Algérie: Violées et contraintes à l’avortement
Ces dernières formes de violence contre la femme ont fait leur apparition avec l’apparition du groupe terroriste, le GIA, en Algérie.
Le GIA enlevait les femmes, d’une part pour humilier les parents hostiles qui s’opposaient à eux, les utilisaient pour les basses besognes dans les maquis, mais surtout les violaient.
L’objectif immédiat reste de provoquer la terreur et pousser les femmes à obéir à leur injonction qui était de quitter la vie active, la sphère publique. C’était l’époque où le voile (le hidjab) était imposé à une majorité de femmes.
Depuis 1991, début effectif de la violence islamiste armée, il a été recensé au moins 6 000 femmes violées, une partie d’entre elles a été assassinée. D’autres ont pu être sauvées, mais avec le poids de grossesses indésirables. À partir du milieu des années 1990, le phénomène a pris de l’ampleur. Pour le seul mois d’avril 1998, des témoignages recueillis dans la région de Saïda avaient fait état d’un nombre variant entre 1 000 et 3 000 filles violées dans les maquis. Les médias avaient donné l’information; même la télévision algérienne a retransmis l’information. Réaction: le lendemain, une jeune fille de 17 ans a été enlevée et violée dans la même région.
Les terroristes utilisaient la religion pour justifier leurs actes, mais également la honte et le tabou d’origine tribalo-religieuse qui entoure les familles pour les faire abdiquer et rallier leur cause. Il n’est pas rare également de trouver des pères de famille, acquis totalement à la cause intégriste, offrir leurs filles aux “émirs” des groupes terroristes. Toutefois, aucun chiffre officiel sur ces situations n’est disponible pour l’instant. Encore moins sur les enfants nés dans les maquis dont le nombre demeure inconnu ou gardé secret.

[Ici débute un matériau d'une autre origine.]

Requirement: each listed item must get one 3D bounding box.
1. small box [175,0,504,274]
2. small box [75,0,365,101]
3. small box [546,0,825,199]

Il aura fallu le courage d’un ministre de la Santé pour voir le drame des filles violées dans les maquis et tomber enceintes quelque peu atténué lorsqu’il autorisa leur avortement et, bien entendu, celui du ministre des Affaires religieuses qui donna le quitus religieux, en émettant une fetwa, pour légitimer l’avortement de ces filles. Cela ne concerna que les filles retrouvées ou qui se sont sauvées et ont pris contact avec les services de sécurité. Cela d’autant qu’une bonne partie des filles ayant subi cette douloureuse épreuve s’emmure dans un infranchissable silence. Surtout que la famille et les proches ne sont pas en mesure, honneur et tabou conjugués, de les prendre en charge.

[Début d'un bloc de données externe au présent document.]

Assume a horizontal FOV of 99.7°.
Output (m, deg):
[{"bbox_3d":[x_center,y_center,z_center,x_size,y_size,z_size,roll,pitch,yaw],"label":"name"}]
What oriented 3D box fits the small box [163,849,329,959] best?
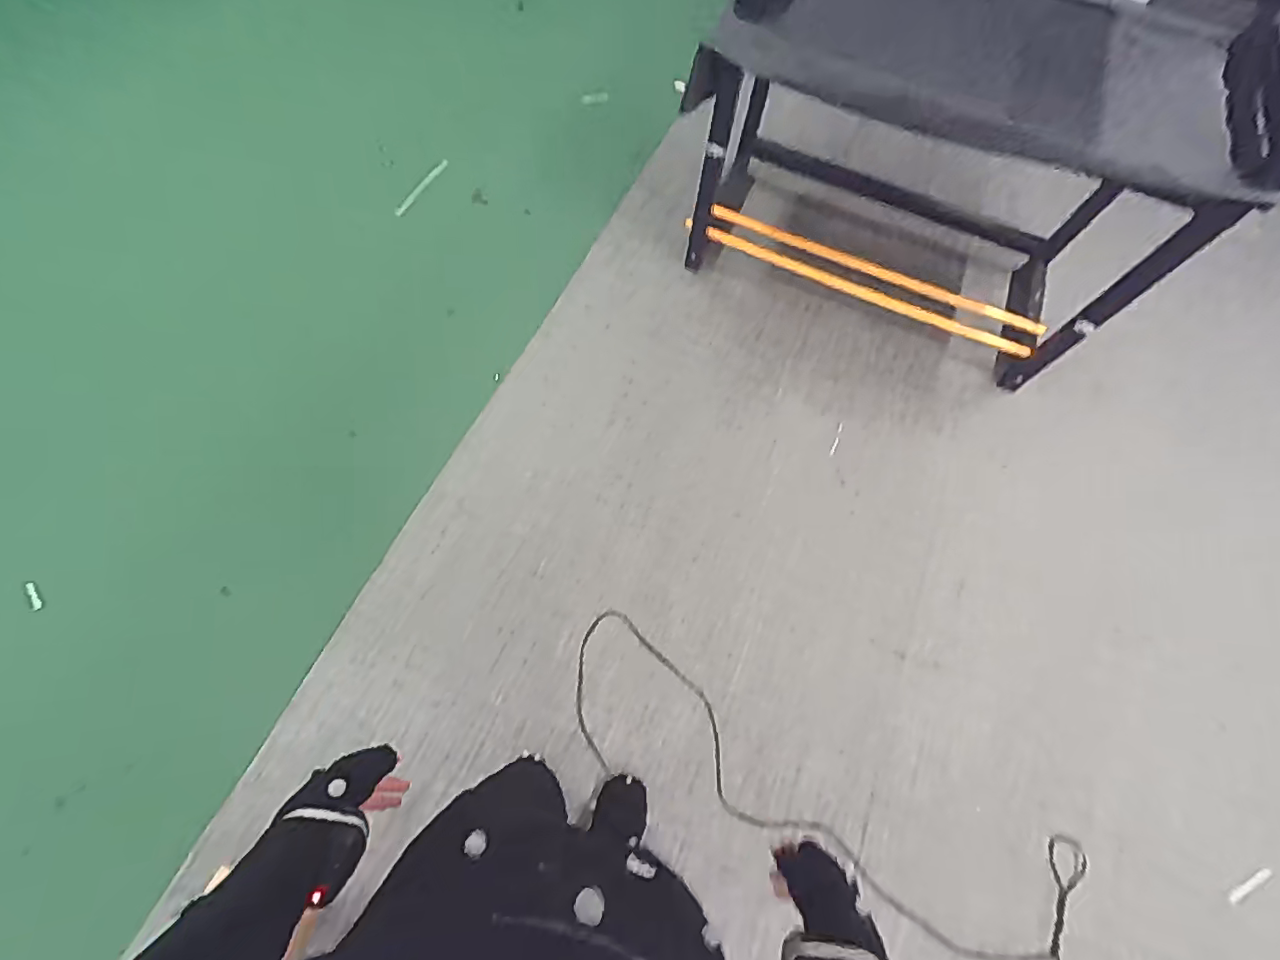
[{"bbox_3d":[-0.734,0.844,1.031,0.168,0.176,0.179,24,66,6],"label":"small box"}]
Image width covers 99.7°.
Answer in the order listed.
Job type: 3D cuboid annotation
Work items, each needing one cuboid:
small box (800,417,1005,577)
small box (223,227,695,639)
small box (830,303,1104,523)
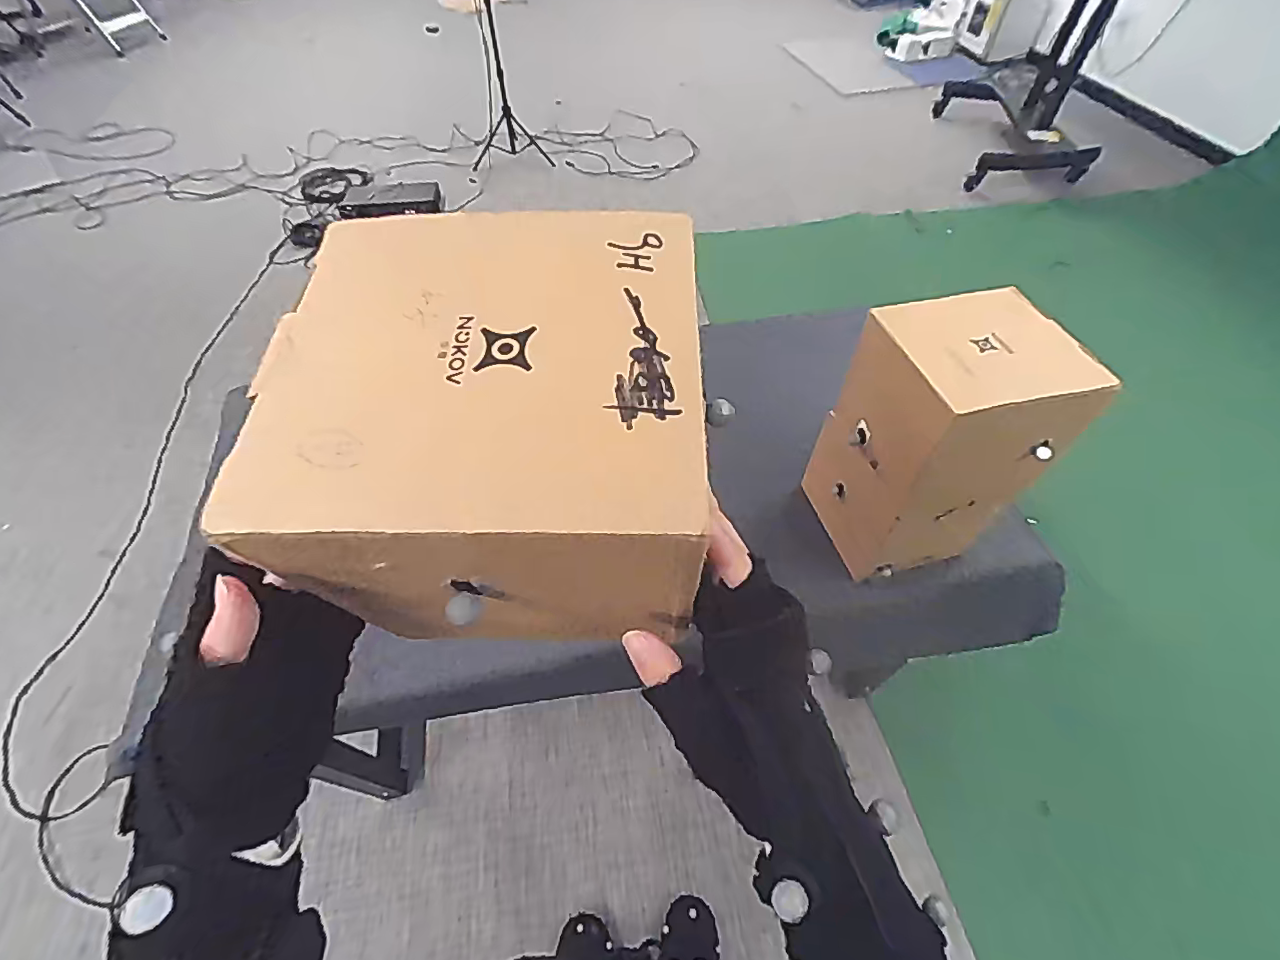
[{"bbox_3d":[0.345,0.018,0.750,0.168,0.176,0.179,-12,53,-9],"label":"small box"},{"bbox_3d":[-0.061,-0.012,0.299,0.179,0.176,0.168,0,62,2],"label":"small box"},{"bbox_3d":[0.346,-0.073,0.616,0.179,0.176,0.168,-11,52,-7],"label":"small box"}]
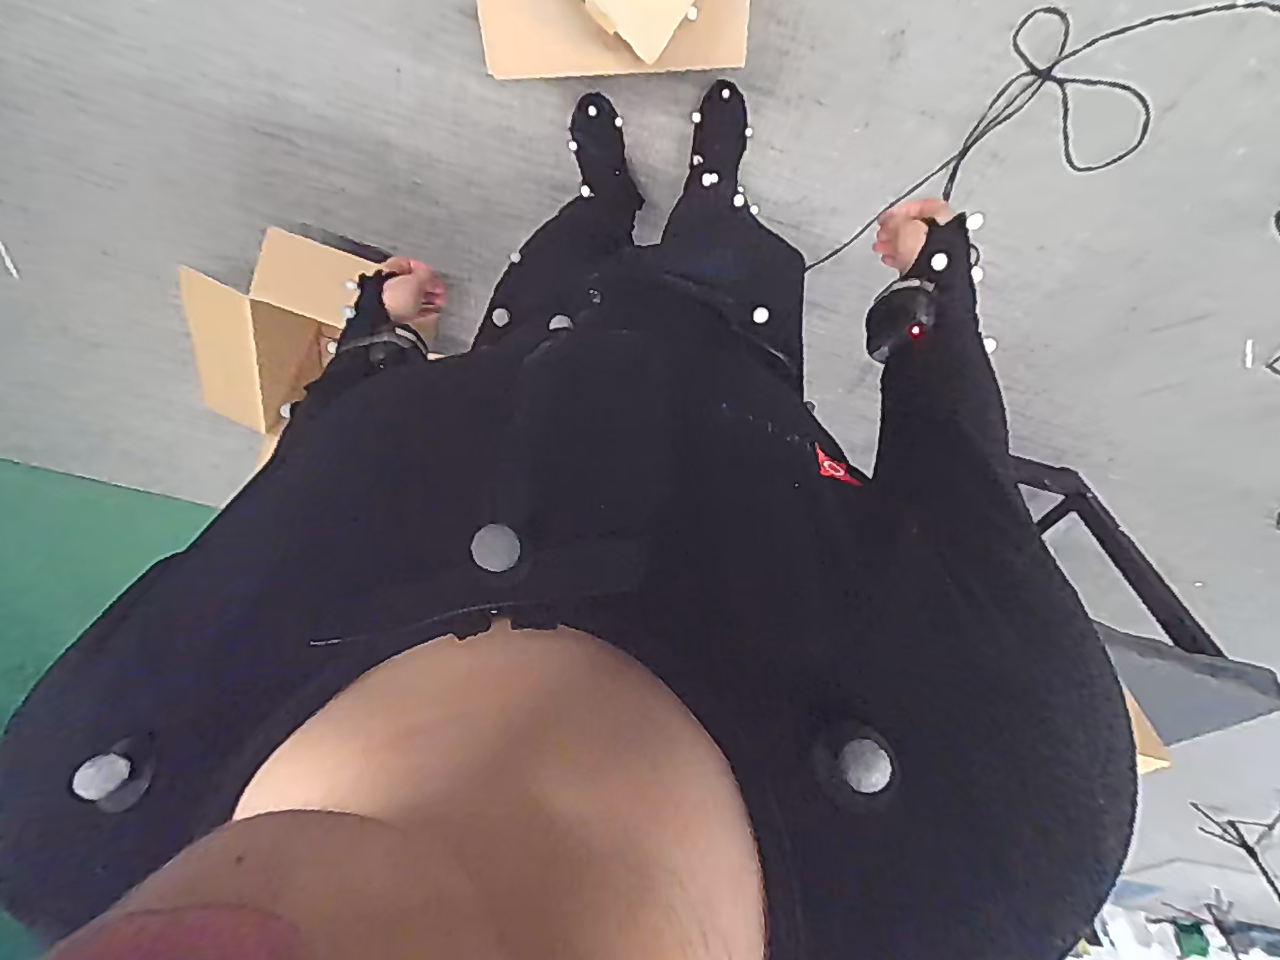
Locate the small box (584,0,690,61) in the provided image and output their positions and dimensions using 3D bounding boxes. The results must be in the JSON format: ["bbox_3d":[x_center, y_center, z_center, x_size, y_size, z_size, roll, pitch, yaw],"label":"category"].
[{"bbox_3d":[0.007,-0.683,0.680,0.168,0.176,0.179,32,129,-22],"label":"small box"}]

C’est alors le mutisme qui entretient et prolonge la douleur et le traumatisme. Ce qui donne un caractère approximatif aux chiffres actuellement disponibles. Si au plan santé et religieux, ces filles sont considérées comme étant des victimes, les autres autorités continuent à ne pas jouer leur rôle. Cela d’autant que les filles violées n’ont pas eu droit aux indemnités accordées aux autres victimes du terrorisme. Cas qui n’ont pas été pris en considération, alors que certaines voix justifient cette omission par le fait que le versement d’une “pension” ou indemnité pour ces filles porte le risque de faire ressurgir dans leur mémoire les actes qu’elles ont subis.

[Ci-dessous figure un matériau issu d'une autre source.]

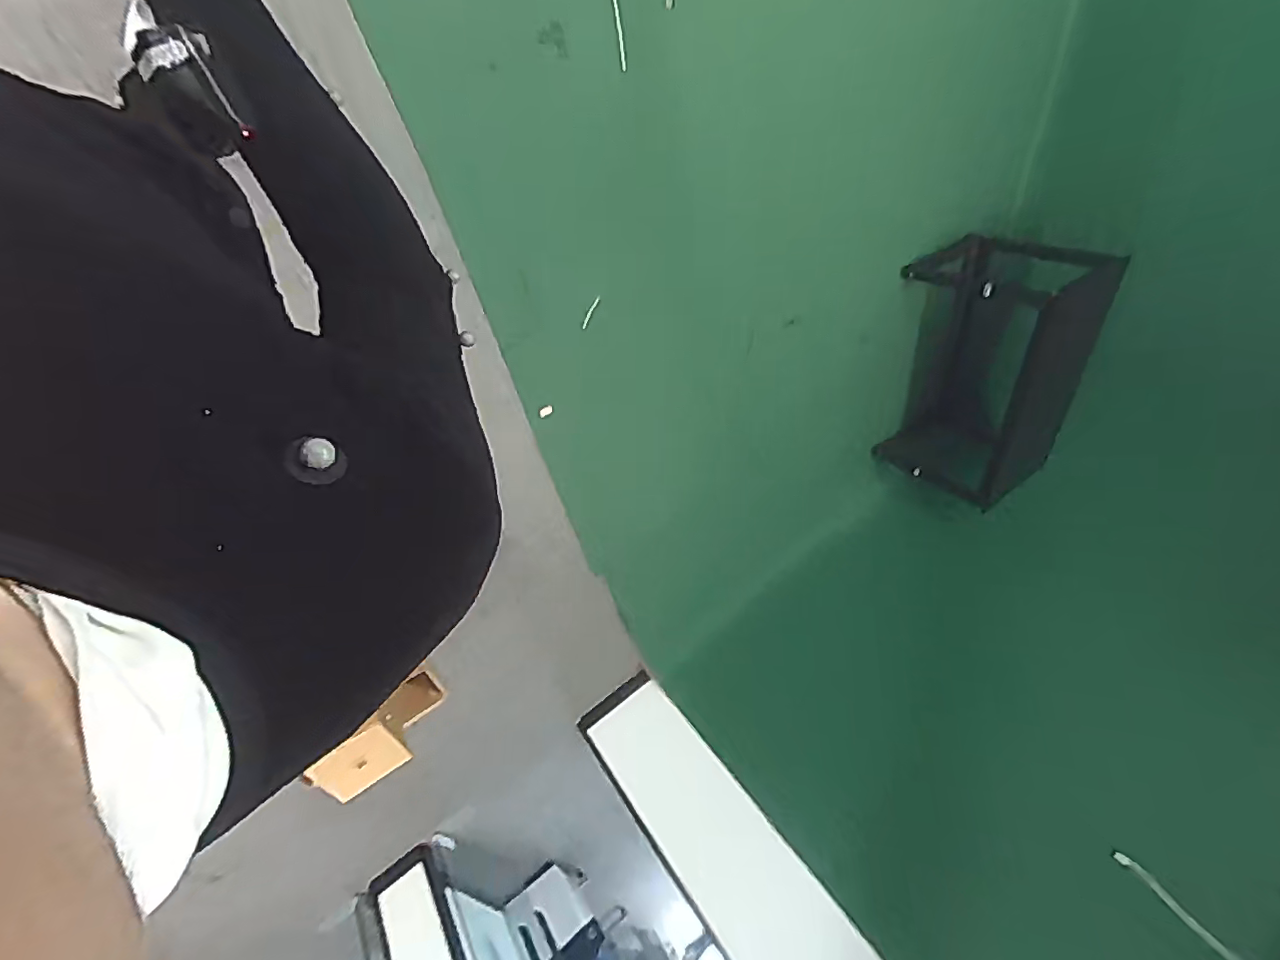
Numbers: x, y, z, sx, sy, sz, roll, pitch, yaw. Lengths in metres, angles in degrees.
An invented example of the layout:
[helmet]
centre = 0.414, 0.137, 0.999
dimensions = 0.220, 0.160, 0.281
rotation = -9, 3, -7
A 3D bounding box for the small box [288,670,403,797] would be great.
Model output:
[small box]
centre = -0.679, 0.578, 1.248
dimensions = 0.168, 0.176, 0.179
rotation = -30, 132, -20

Paradoxalement, cette catégorie de victimes auxquelles les pires sévices ont été infligés est cataloguée dans la rubrique générique pudiquement désignée: “atteinte à la pudeur”. Ce qui au plan juridique induit une confusion.
Ainsi, ces victimes endurent une double injustice. D’une part, elles sont déshumanisées, blessées, humiliées, de l’autre, elles ne sont pas prises en charge et ne bénéficient d’aucun statut si ce n’est celui qui les pousse à la solitude par la faute des autorités, de la famille et du conservatisme qui empêche toute velléité de voir “le problème” objectivement.